Like the best teachers, God leads his pupil to think things out for himself. He puts Job (quite astonishingly) in the place of creating a universe and asks him how he would command a living universe rather than a calm, but dead, one. The swirling waters and jagged lightning put me in mind of some of the science I do, where the most delicate structures of order (such as cell membranes) emerge in a self-assembled way from a completely chaotic seething jumble of molecules in motion.
A Lesson from Bede 

In a typical week I pass through Durham Cathedral on my way from one university department to another. I invariably think there of the Venerable Bede, whose tomb lies in the west-end chapel. Famous for writing the first post-Roman history of England, this extraordinary and devout Christian scholar of the seventh century also wrote a wonderful science book, On the Nature of Things. He explained why he wanted to give his students such an account of the heavens, the earth and its contents. Bede’s purpose was that they might not be frightened or ignorant of nature, or impute supernatural motivations to natural hazards, but instead that they understood that God had in wisdom created the world with its own internal operations. 
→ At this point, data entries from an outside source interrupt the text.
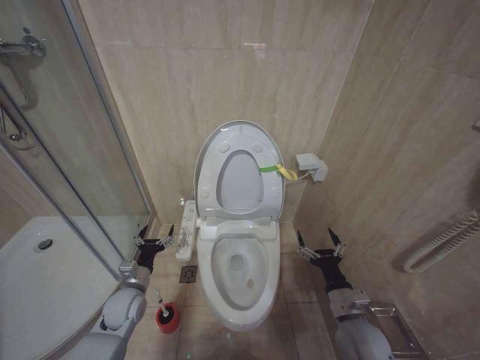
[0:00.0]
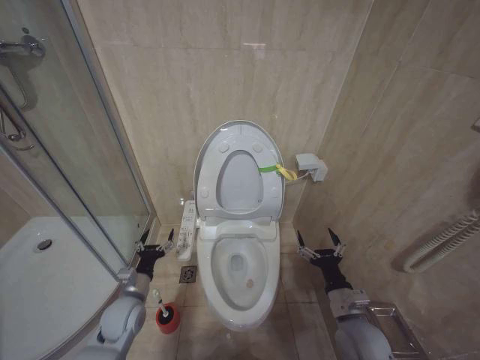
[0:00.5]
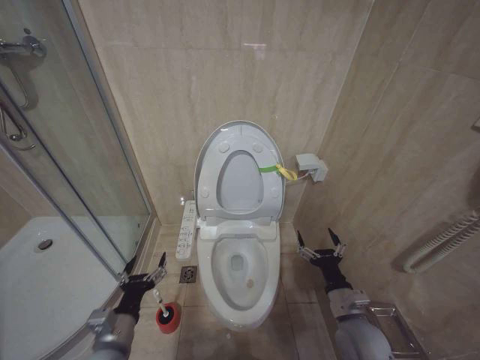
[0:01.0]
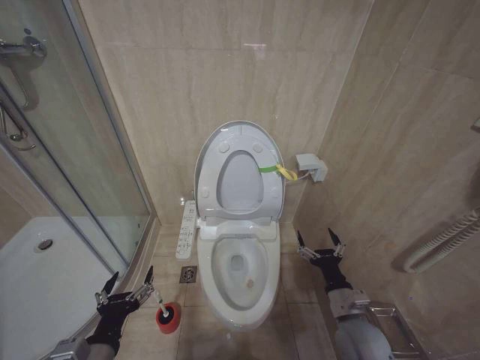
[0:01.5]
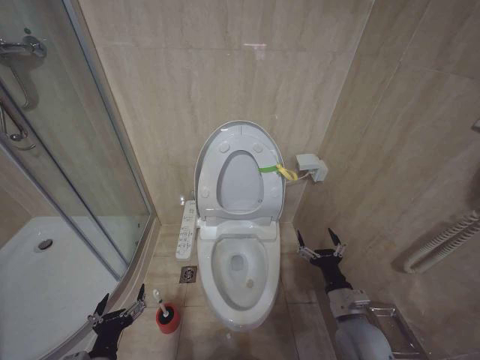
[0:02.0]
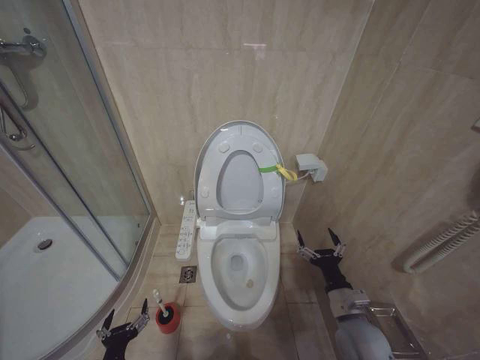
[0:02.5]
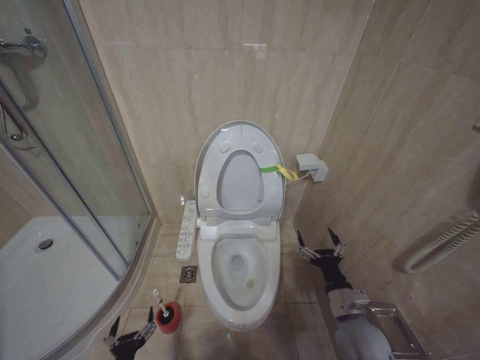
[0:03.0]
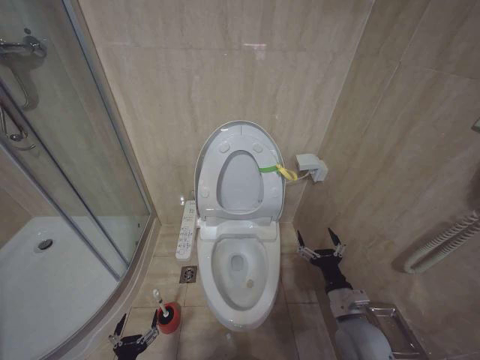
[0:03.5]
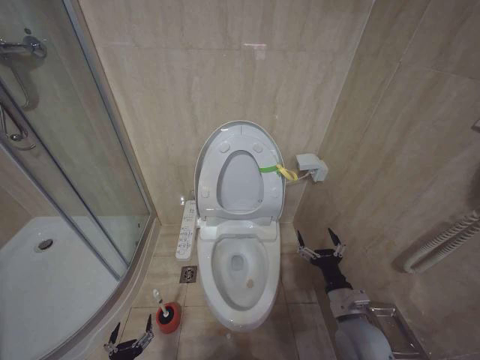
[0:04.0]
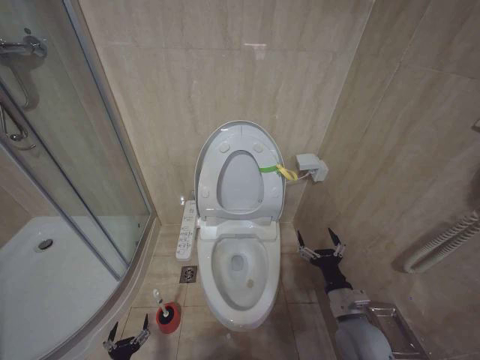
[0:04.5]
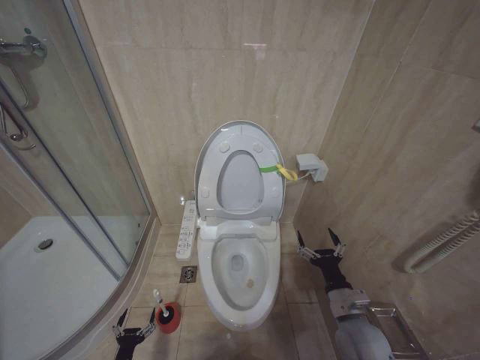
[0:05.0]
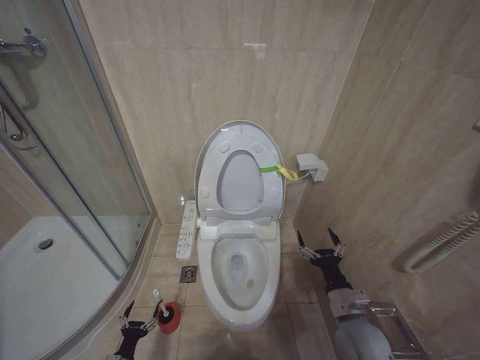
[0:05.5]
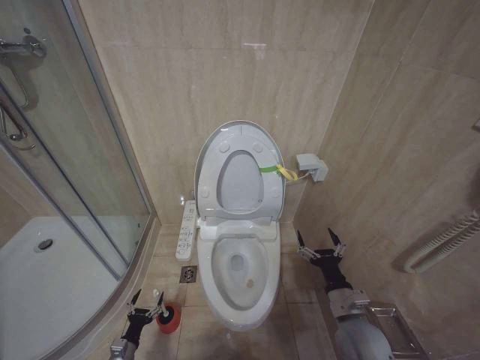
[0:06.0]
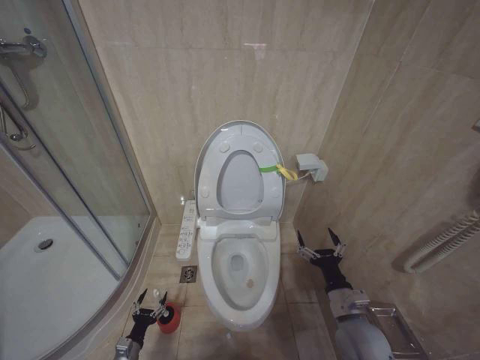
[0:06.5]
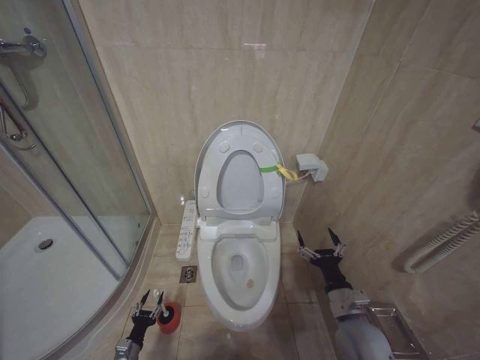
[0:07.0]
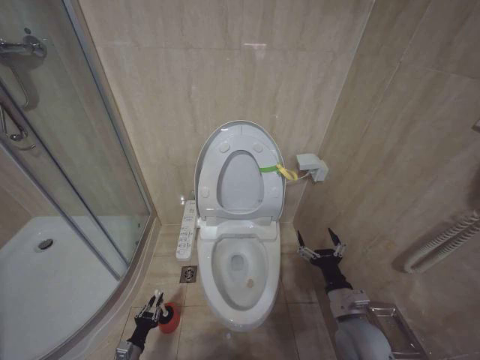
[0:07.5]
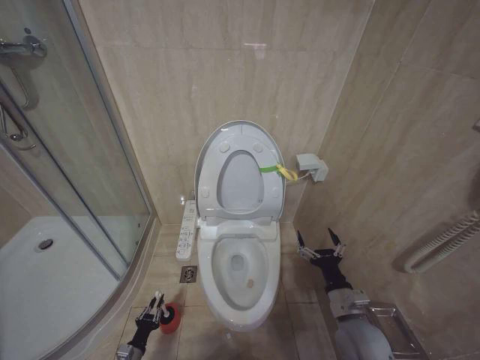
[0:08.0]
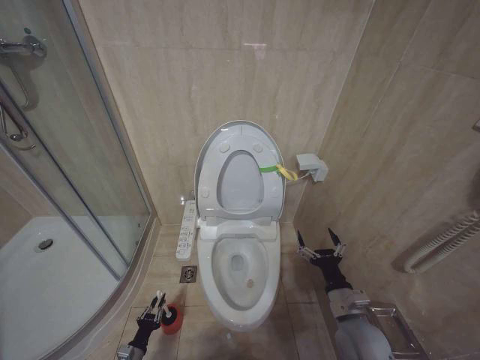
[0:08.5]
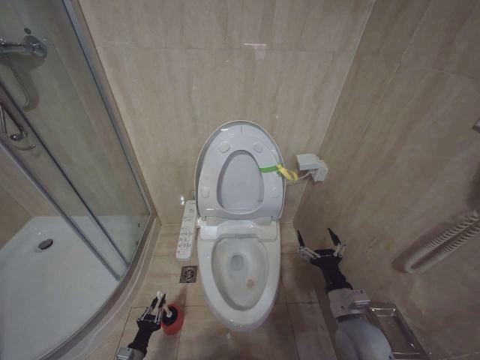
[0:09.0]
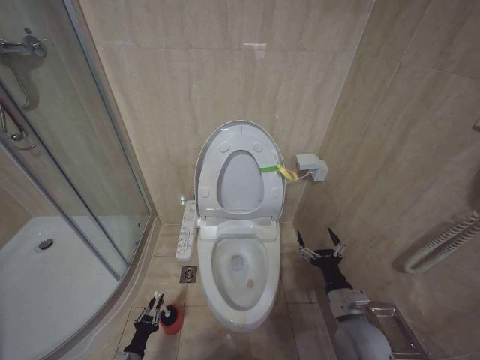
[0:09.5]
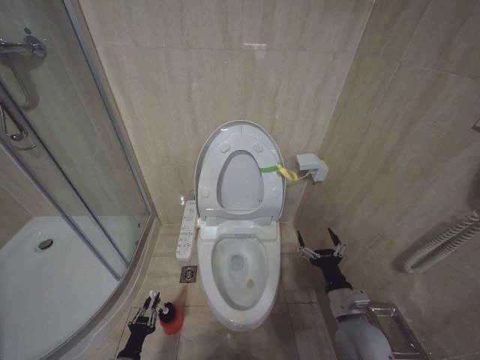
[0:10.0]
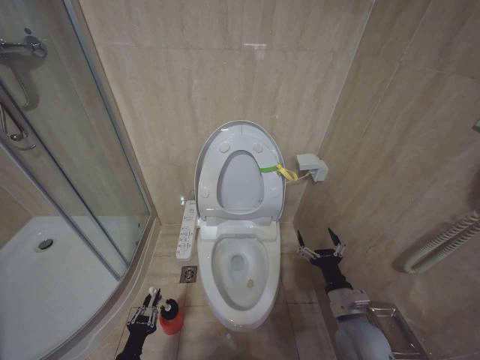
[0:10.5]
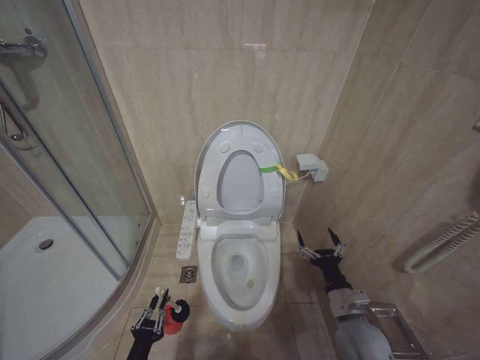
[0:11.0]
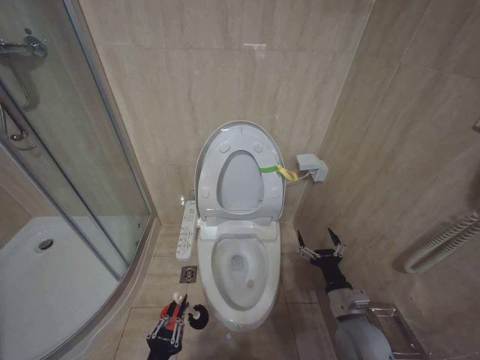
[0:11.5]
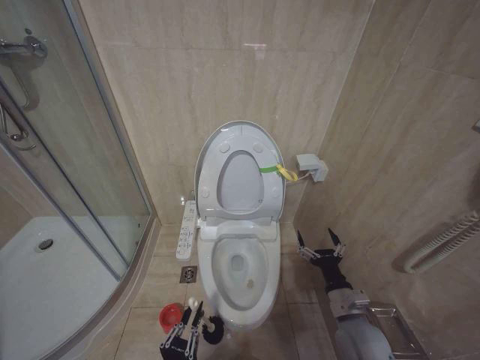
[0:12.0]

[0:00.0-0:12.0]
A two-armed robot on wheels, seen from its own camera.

This little book, written so long ago, helps to interpret the even more ancient nature wisdom of Proverbs or Job, for it reminds us to see the biblical story of creation and salvation in terms of relationship. If Paul can summarise our calling as ‘the ministry of reconciliation’,
2 Cor 5:18 then perhaps our task when we do science is to contribute to the reconciliation of humankind and the natural world. Like all damaged relationships, it starts from a position of ignorance and fear – with a potential to harm and be harmed – but it should not stay that way, any more than relationships between nations should. Turning from the darkness of ignorance to the light of knowledge, from fear to understanding and from exploitation to fruitfulness sounds like the task of the kingdom to me.
It suggests how science can serve in our own ministry of reconciliation.